● Directions for this task: Copy the records below exactly as they stand. Leave out the pictures.

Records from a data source
● ● ●
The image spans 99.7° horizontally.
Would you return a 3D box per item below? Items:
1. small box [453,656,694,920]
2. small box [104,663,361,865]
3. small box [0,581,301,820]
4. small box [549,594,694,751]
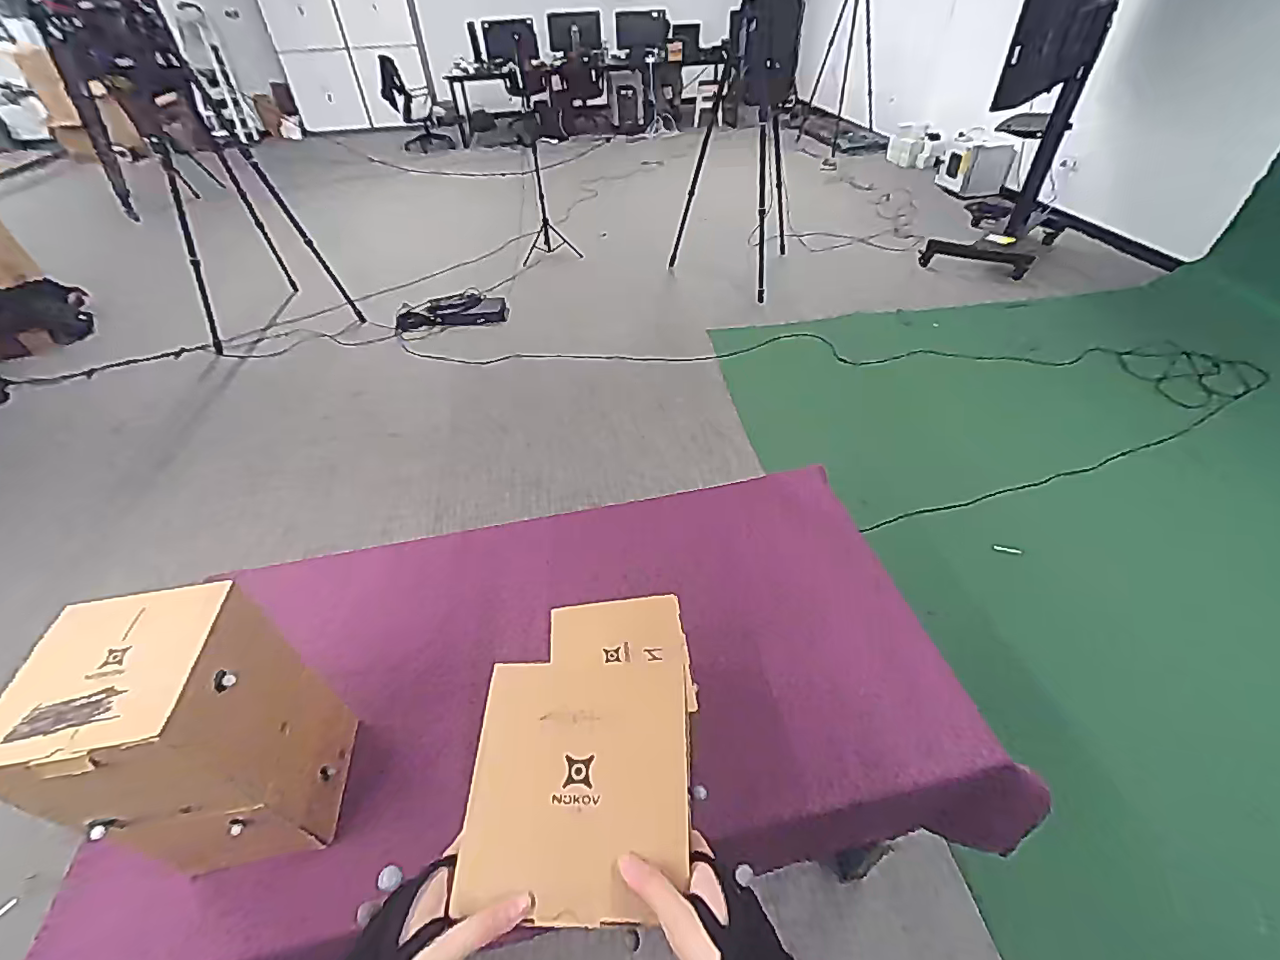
● ● ●
● Reply:
The image spans 99.7° horizontally.
Would you return a 3D box per item below? Items:
1. small box [453,656,694,920]
2. small box [104,663,361,865]
3. small box [0,581,301,820]
4. small box [549,594,694,751]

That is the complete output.